Feritin yaptığı teklif kızları düşündürmüştü.
Bir yandan da bu evden kurtulmanın anahtarıydı.Suna: Seyran.
Seyran: Abla.
Suna: Ferit haklı kabul etmekten başka çaremiz yok.
Seyran: Biliyorum abla.
Ferit: Kabul ediyo musunuz?
Suna ve Seyran birbirlerinin her hareketini iyi biliyordu. Bir bakış bile kabul ettiklerini anlamaya yetiyordu.
Seyran: Evet ediyoruz. Ama ablama ne olacak?
Ferit: O zaman seninle evleniyorum. Kaç yaşındasın?
Seyran: 20. Ablama ne olacak?
Ferit: Şöyle düşündüm ilerleyen zamanlarda Sunayı da yanımıza alırız. Hem böylece ablandan da ayrı kalmamış olursun.
Seyran: İyi ama nasıl olacak kabul ederler mi?
Ferit: Ben dedemle konuşup size haber vericem. Ondan önce bana numaranı vermen gerek.
Ferit Seyranın tereddüt ettiğini anlamıştı.
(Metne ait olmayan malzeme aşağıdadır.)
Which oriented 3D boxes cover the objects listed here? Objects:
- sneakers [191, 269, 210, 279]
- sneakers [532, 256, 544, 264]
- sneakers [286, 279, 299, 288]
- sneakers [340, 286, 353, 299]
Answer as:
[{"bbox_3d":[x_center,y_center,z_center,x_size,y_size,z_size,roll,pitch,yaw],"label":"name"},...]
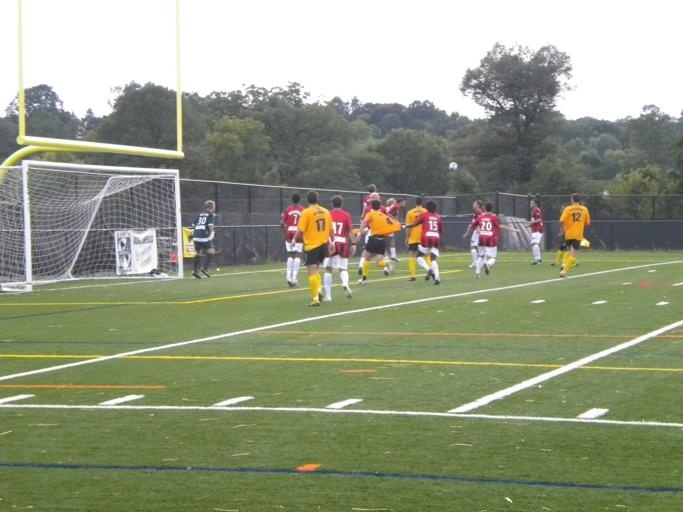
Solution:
[{"bbox_3d":[-3.717,0.478,26.606,0.655,0.257,0.211,1,7,-4],"label":"sneakers"},{"bbox_3d":[5.530,0.147,29.530,0.198,0.222,0.549,-5,-5,23],"label":"sneakers"},{"bbox_3d":[-1.105,0.613,22.635,0.175,0.199,0.454,-2,-4,-8],"label":"sneakers"},{"bbox_3d":[0.084,0.758,19.320,0.112,0.317,0.142,-6,31,13],"label":"sneakers"}]
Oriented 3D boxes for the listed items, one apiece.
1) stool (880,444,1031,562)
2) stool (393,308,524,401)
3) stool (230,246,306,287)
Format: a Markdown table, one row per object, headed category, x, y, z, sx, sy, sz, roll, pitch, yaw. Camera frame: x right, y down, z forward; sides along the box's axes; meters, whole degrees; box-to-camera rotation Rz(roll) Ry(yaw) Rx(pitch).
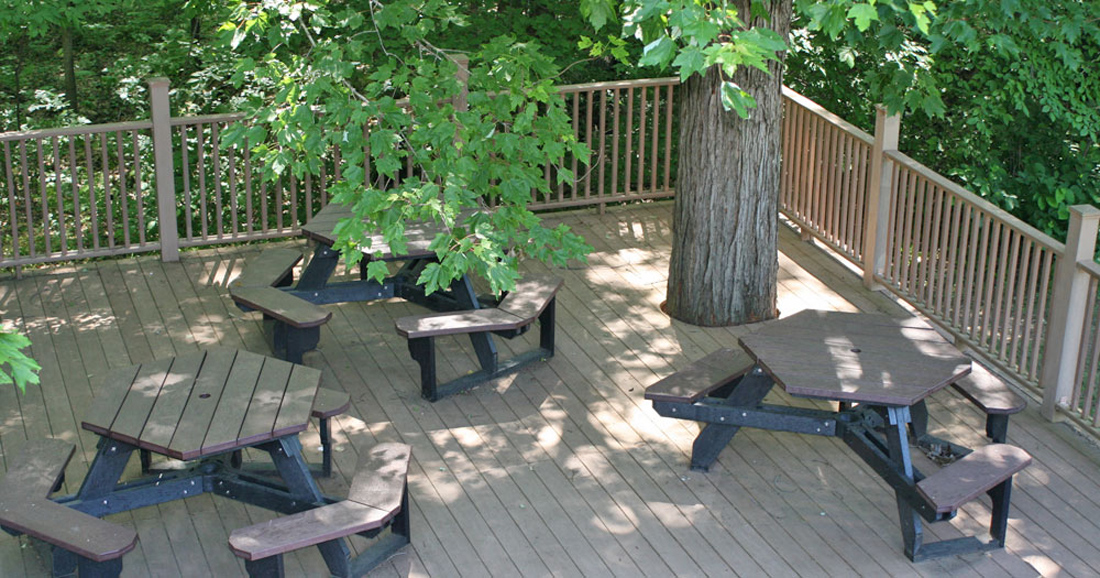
| category | x | y | z | sx | sy | sz | roll | pitch | yaw |
| --- | --- | --- | --- | --- | --- | --- | --- | --- | --- |
| stool | 3.195 | 1.721 | 6.627 | 1.010 | 0.667 | 0.571 | -10 | 19 | -18 |
| stool | -0.818 | 0.609 | 7.977 | 0.580 | 0.669 | 1.494 | 7 | 12 | 41 |
| stool | -2.815 | -0.195 | 8.435 | 0.423 | 0.157 | 0.794 | 5 | 28 | 7 |
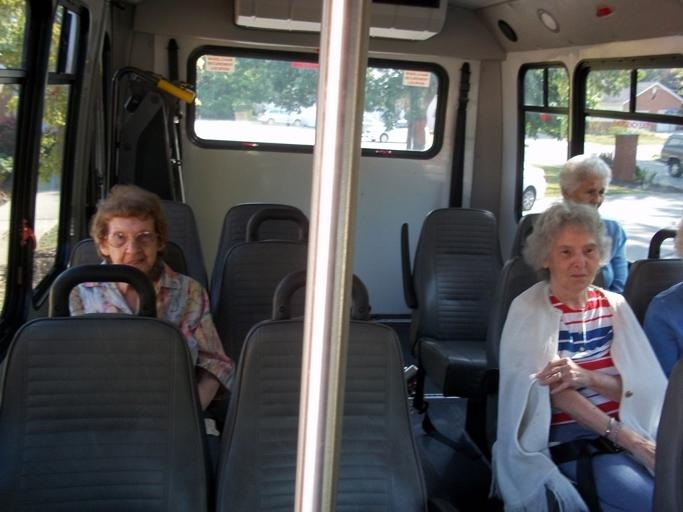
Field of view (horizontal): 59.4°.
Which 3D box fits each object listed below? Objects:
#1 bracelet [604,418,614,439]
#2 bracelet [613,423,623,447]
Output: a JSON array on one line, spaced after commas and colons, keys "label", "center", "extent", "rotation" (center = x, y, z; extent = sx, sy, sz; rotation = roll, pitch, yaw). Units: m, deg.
[{"label": "bracelet", "center": [1.166, 0.750, 2.596], "extent": [0.017, 0.065, 0.065], "rotation": [17, 18, 26]}, {"label": "bracelet", "center": [1.187, 0.771, 2.572], "extent": [0.056, 0.080, 0.028], "rotation": [-12, -31, 36]}]
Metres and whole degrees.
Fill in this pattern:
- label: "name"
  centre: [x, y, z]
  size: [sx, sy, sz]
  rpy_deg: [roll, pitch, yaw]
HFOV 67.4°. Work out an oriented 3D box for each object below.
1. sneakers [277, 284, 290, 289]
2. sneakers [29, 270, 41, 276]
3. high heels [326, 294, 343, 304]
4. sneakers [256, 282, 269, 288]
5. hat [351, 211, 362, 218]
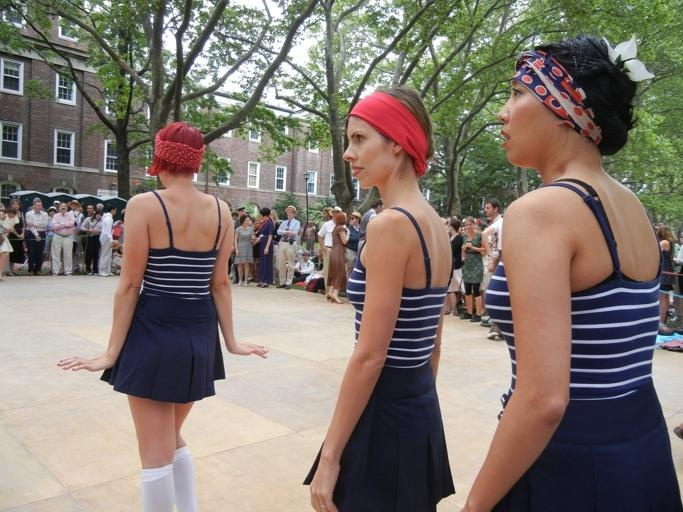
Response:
- label: "sneakers"
  centre: [-1.614, 0.853, 14.163]
  size: [0.348, 0.156, 0.122]
  rpy_deg: [3, -5, 15]
- label: "sneakers"
  centre: [-9.528, 0.537, 15.831]
  size: [0.290, 0.149, 0.416]
  rpy_deg: [-4, 5, -37]
- label: "high heels"
  centre: [-0.198, 1.018, 12.118]
  size: [0.187, 0.156, 0.339]
  rpy_deg: [7, -13, -32]
- label: "sneakers"
  centre: [-2.247, 0.838, 14.508]
  size: [0.362, 0.160, 0.119]
  rpy_deg: [8, -2, -10]
- label: "hat"
  centre: [0.357, -0.980, 12.233]
  size: [0.182, 0.179, 0.224]
  rpy_deg: [0, 16, -11]
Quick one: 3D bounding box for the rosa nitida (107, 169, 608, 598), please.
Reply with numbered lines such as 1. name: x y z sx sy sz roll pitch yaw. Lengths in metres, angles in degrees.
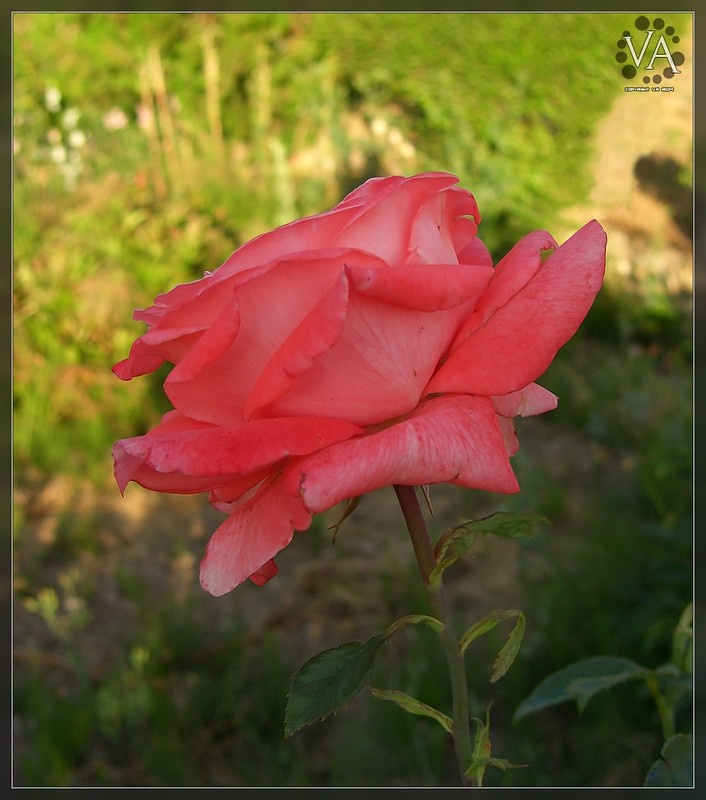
1. rosa nitida: 0.008 -0.010 0.509 0.308 0.232 0.175 -11 34 -12
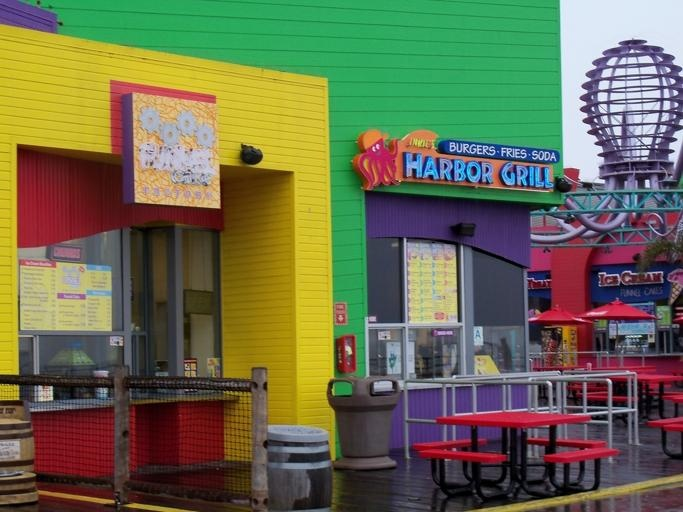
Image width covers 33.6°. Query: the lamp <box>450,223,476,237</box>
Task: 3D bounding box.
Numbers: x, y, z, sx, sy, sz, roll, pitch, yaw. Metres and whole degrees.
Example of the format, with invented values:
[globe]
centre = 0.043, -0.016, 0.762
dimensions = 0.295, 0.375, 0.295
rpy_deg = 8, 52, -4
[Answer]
[lamp]
centre = 2.305, -0.450, 18.929
dimensions = 0.312, 0.177, 0.295
rpy_deg = 1, 3, -26

Ferit: Seyran lütfen. Bunu yapmak zorundayız.
Der ve numarasını verir. Ferit geri avluya döndüğünde az da olsa rahatlamış hissediyordu. Kızlar da peşinden kahveleri getirmişlerdi.Orhan kızların yaşını sorduğunda Seyran'ın 20 Suna'nın 25 olduğunu öğrenmişlerdi. Yani Korhanların yeni gelini Seyran Şanlı olmuştu. Kazım bu durumu duyunca sinirlense de ses etmemişti. Ne de olsa zengin kocaya gidiyordu kızı. Sunayı vermek istiyordu ama Halis Korhan'ın koyduğu kural yüzünden abladan önce kardeşi evden gelin çıkıyordu.Kazım da buna bozuluyordu zaten. Sunayı da ilk gelene vermeyi aklının köşesine koymuştu.Orhan: Sebebi ziyaretimiz belli. Allah'ın emri peygamberin kavliyle kızınız Seyran'ı oğlum Ferit'e istiyoruz.
Kazım: Çok da düşünmicin. Verdim gitti.
Geri kalan herkes alkışlarken Seyran Suna ve Ferit birbirlerine bakıyordu.
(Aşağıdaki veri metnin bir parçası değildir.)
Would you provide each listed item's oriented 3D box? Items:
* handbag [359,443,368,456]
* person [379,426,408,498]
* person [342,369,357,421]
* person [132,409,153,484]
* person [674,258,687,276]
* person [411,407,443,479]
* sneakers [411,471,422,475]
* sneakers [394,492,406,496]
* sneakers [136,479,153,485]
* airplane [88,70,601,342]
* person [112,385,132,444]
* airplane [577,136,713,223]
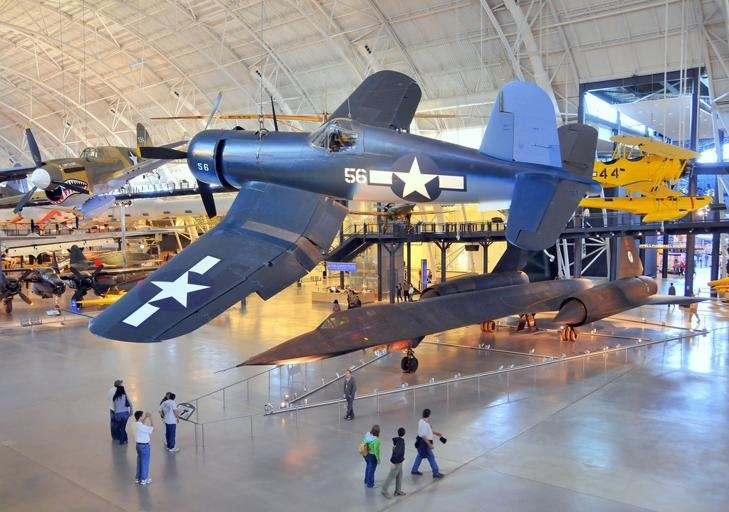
[{"bbox_3d":[-0.028,5.960,19.964,0.260,0.407,0.183,3,4,11],"label":"handbag"},{"bbox_3d":[0.920,6.287,20.255,0.652,1.998,1.353,3,4,4],"label":"person"},{"bbox_3d":[-0.538,4.997,23.642,0.407,1.745,0.773,3,4,0],"label":"person"},{"bbox_3d":[-6.999,6.060,20.515,0.480,2.220,0.637,2,4,-17],"label":"person"},{"bbox_3d":[27.076,0.990,55.960,1.541,0.473,1.671,-1,27,25],"label":"person"},{"bbox_3d":[2.064,5.867,20.906,1.022,2.164,1.432,3,4,8],"label":"person"},{"bbox_3d":[1.630,6.873,20.592,0.378,0.139,0.122,0,13,-4],"label":"sneakers"},{"bbox_3d":[1.058,7.248,19.851,0.353,0.123,0.117,4,4,-4],"label":"sneakers"},{"bbox_3d":[-6.924,7.095,20.391,0.454,0.170,0.211,1,4,-14],"label":"sneakers"},{"bbox_3d":[-0.078,-1.644,18.759,9.517,3.260,11.578,9,39,13],"label":"airplane"},{"bbox_3d":[-8.368,5.339,22.235,0.643,2.089,0.582,2,4,-12],"label":"person"},{"bbox_3d":[14.802,-4.054,34.071,6.182,2.896,6.396,7,27,14],"label":"airplane"}]
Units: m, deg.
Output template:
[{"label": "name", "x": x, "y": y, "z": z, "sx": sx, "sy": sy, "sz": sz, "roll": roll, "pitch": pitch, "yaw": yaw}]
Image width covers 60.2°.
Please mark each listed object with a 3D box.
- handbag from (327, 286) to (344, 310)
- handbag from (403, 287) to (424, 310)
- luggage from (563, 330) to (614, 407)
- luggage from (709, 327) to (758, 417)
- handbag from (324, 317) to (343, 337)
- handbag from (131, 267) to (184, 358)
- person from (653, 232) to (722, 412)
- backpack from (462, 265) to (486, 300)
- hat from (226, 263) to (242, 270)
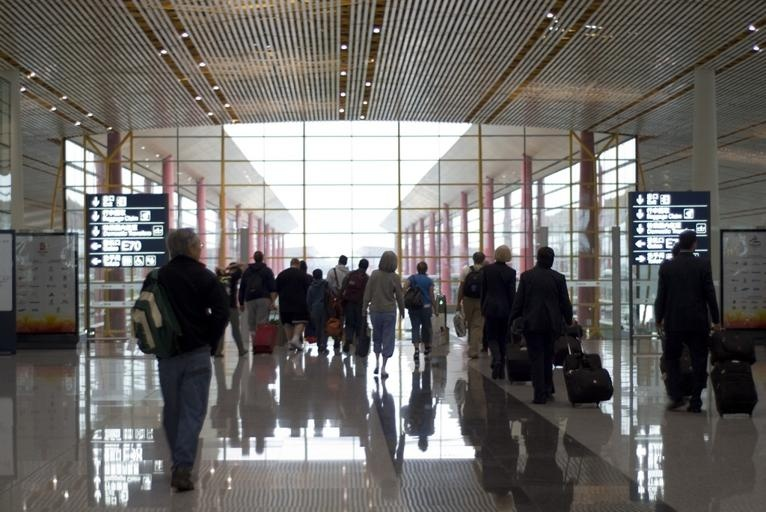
[{"label": "handbag", "x": -1.097, "y": 0.990, "z": 15.005, "sx": 0.200, "sy": 0.435, "sz": 0.360, "roll": 2, "pitch": -3, "yaw": -32}, {"label": "handbag", "x": 0.643, "y": 0.895, "z": 13.830, "sx": 0.457, "sy": 0.406, "sz": 0.240, "roll": -7, "pitch": -15, "yaw": 39}, {"label": "luggage", "x": 3.099, "y": 1.713, "z": 10.323, "sx": 0.769, "sy": 1.020, "sz": 0.627, "roll": 4, "pitch": -19, "yaw": -26}, {"label": "luggage", "x": 5.096, "y": 1.710, "z": 9.636, "sx": 0.584, "sy": 1.215, "sz": 0.408, "roll": 0, "pitch": 5, "yaw": 14}, {"label": "handbag", "x": -1.121, "y": 1.610, "z": 15.027, "sx": 0.516, "sy": 0.516, "sz": 0.307, "roll": 3, "pitch": 8, "yaw": 27}, {"label": "handbag", "x": -2.570, "y": 0.680, "z": 7.519, "sx": 0.509, "sy": 1.022, "sz": 0.321, "roll": -3, "pitch": 5, "yaw": -19}, {"label": "person", "x": 4.557, "y": 0.991, "z": 9.947, "sx": 0.863, "sy": 2.715, "sz": 0.632, "roll": 1, "pitch": 5, "yaw": 20}, {"label": "backpack", "x": 1.854, "y": 0.567, "z": 13.481, "sx": 0.664, "sy": 0.842, "sz": 0.479, "roll": 3, "pitch": -19, "yaw": 6}, {"label": "hat", "x": -3.836, "y": 0.253, "z": 17.002, "sx": 0.351, "sy": 0.145, "sz": 0.345, "roll": 0, "pitch": -3, "yaw": -5}]
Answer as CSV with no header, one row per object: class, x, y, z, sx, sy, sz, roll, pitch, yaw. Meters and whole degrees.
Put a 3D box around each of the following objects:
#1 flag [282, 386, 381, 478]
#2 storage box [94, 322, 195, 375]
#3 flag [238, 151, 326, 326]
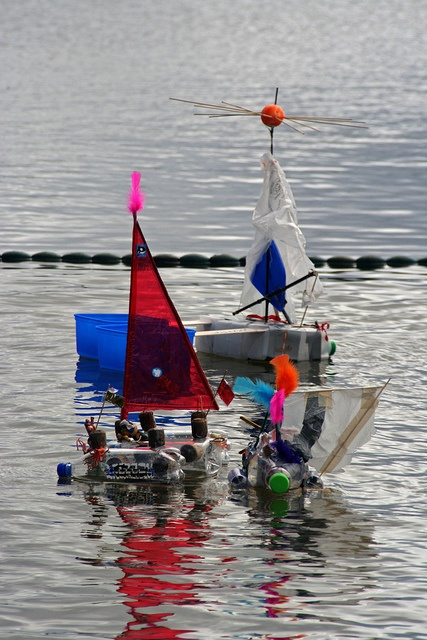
flag,1.399,1.394,16.797,1.545,1.206,0.116,-2,26,-30
storage box,-1.568,0.532,23.609,1.085,0.744,0.500,10,87,22
flag,1.158,-1.211,24.632,1.362,3.039,1.965,-7,54,-2

Hattuç: Suna getir yüzükleri.
Suna: Peki hala.
Suna yüzükleri getitir ve kurdele kesilir. Ya yeni başlangıçtı bu ya da yeni bi mahkum.
Korhanlar vedalaşıp otelin yolunu tutmuşlardı.Ferit otele gider gitmez dedesini arayıp durumu söylemişti ve dedesi ne kadar kızsa da kabul etmişti.Bazen o da dedesine şaşırıyordu. Normalde daha çok dil dökmesi gerekirdi ama hemen kabul etmişti. Konakta ise evi toplama telaşı vardı. İşler bitince odalarına çekilmişti herkes. Seyran yatağına yattığında parmağına ağırlık yapan yüzüğe bakmıştı. Bir curcunanın içine düştüğünü hissetmişti.
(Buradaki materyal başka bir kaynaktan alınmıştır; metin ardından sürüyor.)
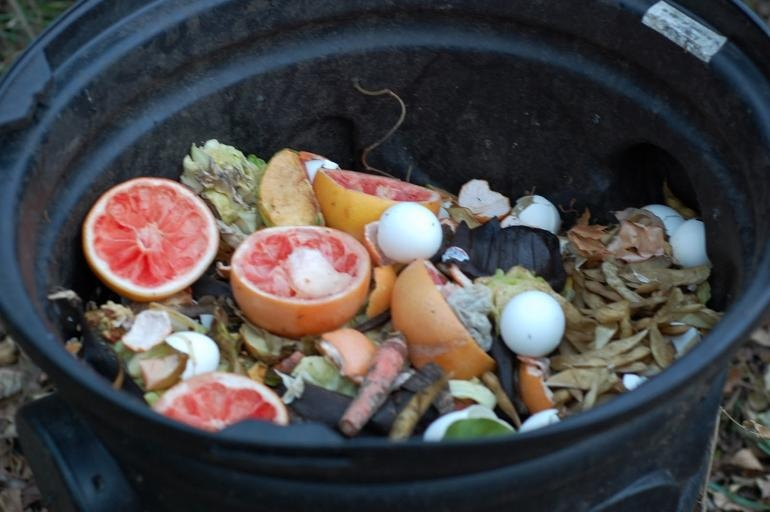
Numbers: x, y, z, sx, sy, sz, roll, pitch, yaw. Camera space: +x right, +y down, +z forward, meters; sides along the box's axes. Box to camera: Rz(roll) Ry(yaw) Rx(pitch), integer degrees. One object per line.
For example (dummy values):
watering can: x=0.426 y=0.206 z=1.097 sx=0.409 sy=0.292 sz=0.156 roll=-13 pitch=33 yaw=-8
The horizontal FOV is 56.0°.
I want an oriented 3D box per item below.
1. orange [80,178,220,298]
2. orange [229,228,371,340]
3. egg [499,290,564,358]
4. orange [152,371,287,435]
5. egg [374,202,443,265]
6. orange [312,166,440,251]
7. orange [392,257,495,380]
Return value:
orange: x=-0.666 y=-0.050 z=2.040 sx=0.311 sy=0.352 sz=0.118 roll=31 pitch=-36 yaw=-15
orange: x=-0.244 y=0.051 z=2.005 sx=0.317 sy=0.204 sz=0.316 roll=-2 pitch=41 yaw=-12
egg: x=0.409 y=0.198 z=2.023 sx=0.169 sy=0.229 sz=0.183 roll=-2 pitch=-4 yaw=6
orange: x=-0.414 y=0.366 z=1.859 sx=0.328 sy=0.120 sz=0.093 roll=-2 pitch=7 yaw=-4
egg: x=0.077 y=-0.081 z=2.120 sx=0.166 sy=0.154 sz=0.219 roll=-1 pitch=33 yaw=5
orange: x=-0.041 y=-0.185 z=2.332 sx=0.381 sy=0.225 sz=0.306 roll=-8 pitch=28 yaw=-5
orange: x=0.158 y=0.173 z=1.965 sx=0.280 sy=0.317 sz=0.110 roll=-1 pitch=6 yaw=1
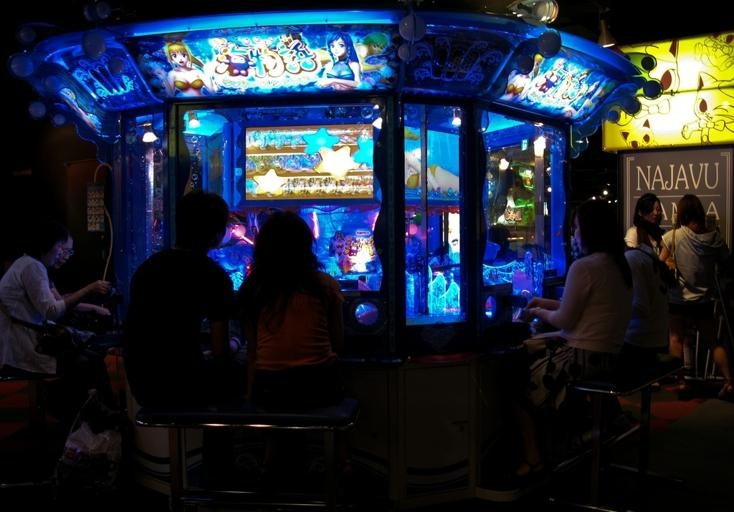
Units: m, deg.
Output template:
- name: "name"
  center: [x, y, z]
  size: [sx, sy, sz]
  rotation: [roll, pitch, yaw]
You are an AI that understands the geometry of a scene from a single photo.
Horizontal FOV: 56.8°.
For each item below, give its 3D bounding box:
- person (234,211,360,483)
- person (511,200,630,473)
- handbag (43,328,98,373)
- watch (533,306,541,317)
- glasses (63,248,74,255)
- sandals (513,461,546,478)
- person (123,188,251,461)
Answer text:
- name: "person"
  center: [-0.474, 0.319, 4.201]
  size: [0.643, 1.202, 0.265]
  rotation: [0, -1, -3]
- name: "person"
  center: [1.391, 0.575, 4.692]
  size: [0.816, 1.933, 0.399]
  rotation: [0, -1, 20]
- name: "handbag"
  center: [-2.184, 0.701, 5.061]
  size: [0.460, 0.194, 0.367]
  rotation: [-10, -21, 30]
- name: "watch"
  center: [1.206, 0.397, 4.832]
  size: [0.029, 0.058, 0.042]
  rotation: [1, -42, -18]
- name: "glasses"
  center: [-2.395, -0.019, 5.463]
  size: [0.055, 0.072, 0.028]
  rotation: [-12, 24, -40]
- name: "sandals"
  center: [1.127, 1.501, 4.752]
  size: [0.227, 0.088, 0.080]
  rotation: [-2, 1, 1]
- name: "person"
  center: [-1.134, 0.255, 4.099]
  size: [0.618, 1.322, 0.283]
  rotation: [1, -1, -20]

Belki de yeni başlangıçtı. Bunu yaşayıp görmesi gerekirdi. Sabaha kadar ablasını, Feriti ve yaptıkları anlaşmayı düşünmüştü. Kahvaltı hazırlamalarına daha zaman vardı. Ama daha fazla düşünmek istemediği için üstünü değiştirip mutfağa kahvaltı hazırlamayı istemişti. Belki bir işle meşgül olursa Ferit'i düşünmezdi. Kahvaltıyı hazırlarken o an ki
dalgınlıkla ağzına bir adet zeytini atmıştı ve o arada mutfağa Kazım girmişti.Kazım: Gız sen neydiysen haa neydiseeen.
Seyran: Baba valla birşey yapmadım.
Kazım: Demek bişi yapmadın ha. O zeytin çekirdeği ne orda öyle bana bakan?
Seyran: Valla baba bi anlık dalgınlığıma geldi. Özür dilerim.
Kazım: Gösterecem ben sana dalgınlığı.
Yürü yürü haydee.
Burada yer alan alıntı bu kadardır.